Brenda Iijima's Rabbit Lesson


Geoffrey Olsen

A Review of Rabbit Lesson
by Brenda Iijima
(Fewer & Further Press, 2008)




        don’t talk without permission

The space Rabbit Lesson negotiates, or forces negotiation, via networks, & layers & connectives: the existence of tissue, bound to us & others, tissue, limb & sinew.

          kill—a—rich—experience

Where we kill so many of rich experience: we kill rich experiences: we make of the living beings an object to satiate our hunger: we make of hunger a convenience—a dislocation of murder, of understanding. Iijima’s work does not evade terror, but confronts it from the start. “shock observation”, a poetry of viscera.

          a realism that looks steely—really—really

Unflinching in linguistic, observational expression, Iijima writes outside of permission. A questioning of permissible human behavior versus permissible animal behavior moves through the work. There is an erotic intensity to the language—a conflation of pleasure and violence that is both beautiful and a warning against a lax awareness.

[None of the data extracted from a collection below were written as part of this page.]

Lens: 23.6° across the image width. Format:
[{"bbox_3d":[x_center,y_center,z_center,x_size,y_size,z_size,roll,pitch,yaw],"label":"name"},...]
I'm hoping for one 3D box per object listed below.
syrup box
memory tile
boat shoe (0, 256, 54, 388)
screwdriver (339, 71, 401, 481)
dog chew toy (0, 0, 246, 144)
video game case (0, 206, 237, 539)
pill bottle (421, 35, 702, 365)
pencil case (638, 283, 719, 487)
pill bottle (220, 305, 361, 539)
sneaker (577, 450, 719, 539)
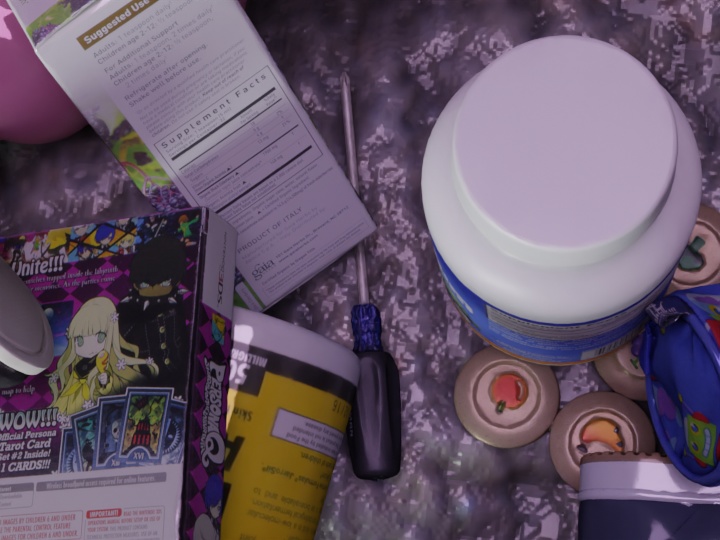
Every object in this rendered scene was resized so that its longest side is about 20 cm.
[{"bbox_3d":[-0.074,-0.075,0.752,0.081,0.200,0.079,-35,48,-1],"label":"syrup box"},{"bbox_3d":[0.156,0.047,0.806,0.200,0.017,0.153,26,83,10],"label":"memory tile"},{"bbox_3d":[-0.194,-0.007,0.718,0.060,0.074,0.200,-45,53,1],"label":"boat shoe"},{"bbox_3d":[0.000,0.000,0.822,0.028,0.029,0.200,-6,83,5],"label":"screwdriver"},{"bbox_3d":[-0.154,-0.119,0.823,0.200,0.125,0.125,-31,77,7],"label":"dog chew toy"},{"bbox_3d":[-0.150,0.073,0.729,0.200,0.036,0.181,-8,68,23],"label":"video game case"},{"bbox_3d":[0.082,-0.028,0.718,0.112,0.200,0.112,-1,78,6],"label":"pill bottle"},{"bbox_3d":[0.211,0.028,0.737,0.200,0.078,0.087,-14,45,-20],"label":"pencil case"},{"bbox_3d":[-0.077,0.118,0.767,0.111,0.111,0.200,14,81,8],"label":"pill bottle"},{"bbox_3d":[0.190,0.140,0.739,0.200,0.070,0.109,4,74,14],"label":"sneaker"}]

Force is here, “bodily, boding”. A writing here utterly permeable in the actual layering of the text, both in the language itself & in the way that it is visually laid on the page, some text faded gray, seeming to sink into the background. Strong notes from the earlier parts of the book reappear as whispered echoes. “Silence (ing, ing, ing)”.

          owner’s manual states shot to kill is a killing field is a duty
          for sovereignty is sanctioned indorsed essentiality of democracy to
          further such ideals to quell dissonant uprisings socialist elements
          other the animal and animalistic mobility as the run away into
          the underbrush pursuit to kill as many as the run toward or—

These poems bring forth structures of daily life that are complicit in death. It is a nightmarish saturation. War has become an experience at the distant borders, at the frontier, away from the ordinary. If poetry can be a way of disrupting habitual patterns, of removing veneers of illusion and distance, then Rabbit Lesson takes this as essential demand. It takes on this direction without becoming jingoistic. It does not project its goals outwards—the poems take them as body, embodying what in our existence becomes more and more abstract. War is disembodied. Iijima re-sites war on bodies. Iijima revitalizes this information, breaking down linearity to allow for myriad responses.

The book itself is difficult to quote from: the poems are a weave with the page as frame.

          nothing happens can nothing not happen language nothing not happening

All that is happening simultaneously. The text is a surround, is evoking events, fragments, language pervasively around. It is not mitigated through a selfhood, not through an individual emotional response, but an emotion divesting itself of the personal into a multiplicity in the poem.

          remixing surface dimensions
          and raw and gnaw

          lack of excess/of meaning/ of meat

There is a definite relationship with this work and Joseph Beuys’s performance piece How to Explain Picture to a Dead Hare. Beuys, with $50 worth of Gold leaf wrapped over his face, cradles a dead hare in his arms, shows the animal pictures of his work while whispering explanations. Beuys’s performance explores the interconnectedness of bodies. The response of art to the dead, mourning.

          mop up meat
          mop up that meat!
          perceptual inputs
          mop meat up
          motor outputs

          mop mop mop up meat!

Iijima confronts, imagines, analyzes what the soldiers thought, what the animal feels in “the vortex of war.” This confrontation generates the molar, expansive qualities of the text, while at the same time generating a molecular awareness of “pulses”, of ears “to hear our interiors.”

Rabbit Lesson is removing the fence work between the human and the animal, vitally aware of the shared universe of the animal and human. In CAConrad’s The Book of Frank: “this fence keeps you in your world/ this fence keeps you in your world/ this fence keeps you in your world”. Writing that is becoming animal. It is a rearrangement of the human poem not looking for the roots but becoming roots, permeating a soil of perception. This work accepts no separation between beings. The work is elegiac, giving body to the death and pain inflicted on animals, humans, women, ecosystems. Separation between these entities fails: “war can’t be separated from where where can’t be separated from what/ what can’t be separated from all…

The sheer amount of textual methods deployed, of sound, of form, of text is thrilling. The poems are visual works enacting text as image on the layered page. Response to the poems require many layers of consciousness. Iijima is for the liberation of beings at every level, an approach to the poem that feels both wild and radically committed.